Im certainly looking forward to playing with sc125 more to see what further potential I can unlock. Overall its a fantastic steel, if seemingly initially a little less focused that white 1, but that has advantages and disadvantages depending on your goals and point of view


----------



## Matus (Jun 22, 2016)

Will, that is a very valuable information - thank you for sharing your knowledge and experience.


----------



## Timthebeaver (Jun 22, 2016)

WillC said:


> To summarise my initial thoughts on the sc125, I will make some direct comparisons to old stock white 1, that is white 1 from a Japanese makers family stash I was lucky enough to use. Im quite sure the most important thing when using and tweaking a steel over many years to your specific aims , is batch consistency of steel production. It is why Japanese makers will buy at a certain point and stock hold a large quantity from a certain batch produced. Sc125 is a very small batch steel so will be much higher tolerances.
> SC125 is certainly intended less as a specific Kitchen knife steel.

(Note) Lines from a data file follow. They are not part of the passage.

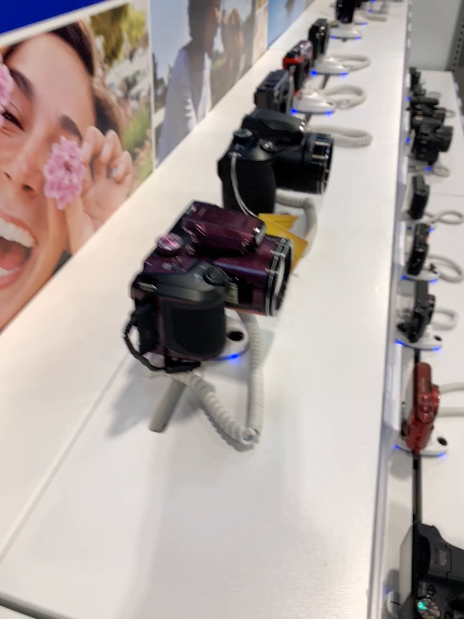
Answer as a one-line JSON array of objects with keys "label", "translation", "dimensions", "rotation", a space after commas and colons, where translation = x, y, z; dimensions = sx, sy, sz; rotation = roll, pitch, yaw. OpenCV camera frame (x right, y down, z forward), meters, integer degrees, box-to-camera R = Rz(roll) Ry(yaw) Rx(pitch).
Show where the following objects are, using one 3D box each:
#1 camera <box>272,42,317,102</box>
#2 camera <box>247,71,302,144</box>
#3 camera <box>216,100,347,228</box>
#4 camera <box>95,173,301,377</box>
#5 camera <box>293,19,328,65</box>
[{"label": "camera", "translation": [0.108, -0.411, 0.830], "dimensions": [0.050, 0.060, 0.131], "rotation": [10, 42, 14]}, {"label": "camera", "translation": [0.062, -0.292, 0.693], "dimensions": [0.050, 0.060, 0.121], "rotation": [10, 42, 14]}, {"label": "camera", "translation": [0.055, -0.159, 0.514], "dimensions": [0.110, 0.079, 0.121], "rotation": [10, 42, 14]}, {"label": "camera", "translation": [-0.016, -0.034, 0.371], "dimensions": [0.110, 0.079, 0.131], "rotation": [10, 42, 14]}, {"label": "camera", "translation": [0.163, -0.557, 1.002], "dimensions": [0.050, 0.060, 0.111], "rotation": [10, 42, 14]}]
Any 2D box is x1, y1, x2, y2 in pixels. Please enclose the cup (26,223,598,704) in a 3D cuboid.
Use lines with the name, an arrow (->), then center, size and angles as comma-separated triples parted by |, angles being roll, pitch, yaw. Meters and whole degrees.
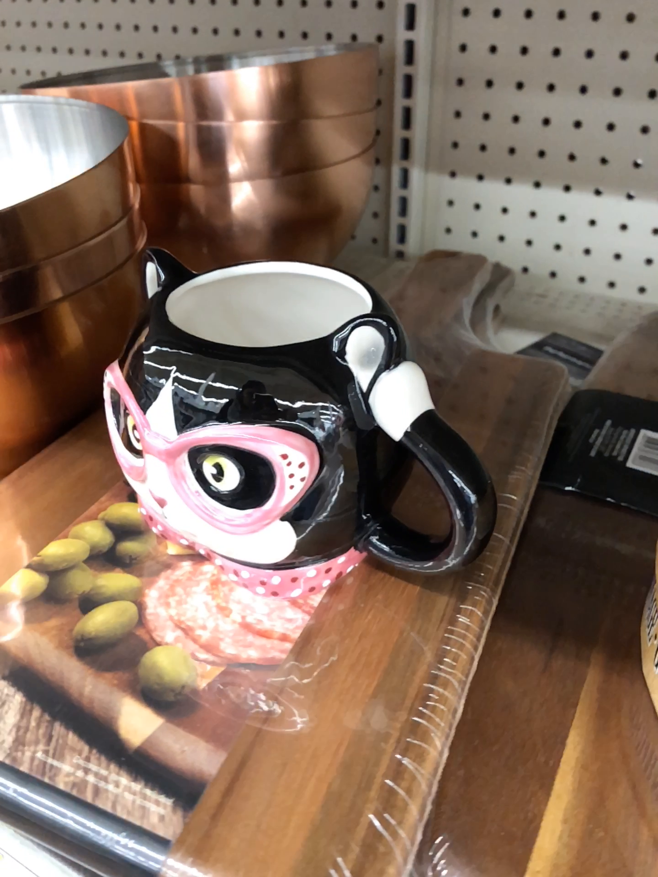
cup -> -0.010, -0.006, 0.237 | 0.150, 0.080, 0.080 | 23, 40, 31

White 1 is the way it is for a reason, the carbon levels promoting hardness at the expense of toughness is quite deliberate to the steels characteristics on a thin edge. Most importantly that it can not distort, and you will see no distortion even at the edges of a chip, this characteristic as well as the fine even carbide distribution promote ease of sharpen ability, at high hardness relatively quick on the stones and sheds its burr very cleanly, again this is a feature of reduced toughness, higher carbon , no alloy other than a low manganese content the steel falls quite specifically into the water quench category.
> SC125, a slightly lower average carbon content, higher manganese than I realised, falls on the cusp of an fast oil/water quench category, makes it less specific, but more versatile. The lower carbon and the manganese also promote higher toughness, whilst making it a bit more user friendly my own findings were what you would expect with higher toughness, the steel is much harder to chip, I was very happy to see that at high hardness there was no distortion around the chip. So for me thats a winner. The toughness however slightly reduces the sharpenability, the bur clings just that touch more, and it is perhaps a little tougher when it comes to thinning, really feels beautiful on the edge and as you can see in the video once down to thinness I'm using a high natural to thin that last bit into the edge as well, so over all though its a joy to use.
> The use of any steel is going to depend on your aims, and ultimately depends on the skill of the maker to get as close to their objectives as possible by adjusting their process. Take 01 as an example, it is a specific cutlery steel, due to its most common use, in tools and utility knives you will find most follow a factory heat treatment for an edge stable 61 hrc and a high level of toughness, where as using and adapting the heat treatment to your specific aims for chef knives it can be used at close to full hardness its one of the finest carbide steels out there whilst keeping the toughness and greater edge holding of a low alloy tungsten steel like blue 2, I personally rate it much higher than blue 2 but of course it just lacks that exotic hook, being as common around here as Blue 2 is in Japan. ......, infact its general use and guidance lead to its full potential being largely unexplored in high end Chef knives.
> ...



Outstanding post.

Thanks for the woo-busting, knowledge, expertise and practice.

New members in particular would do very well to read/be directed to this.


----------



## patraleigh (Jun 22, 2016)

Thanks you Will for New Steels information. Very interesting !! I'll Looking forward to this.

Pat.


----------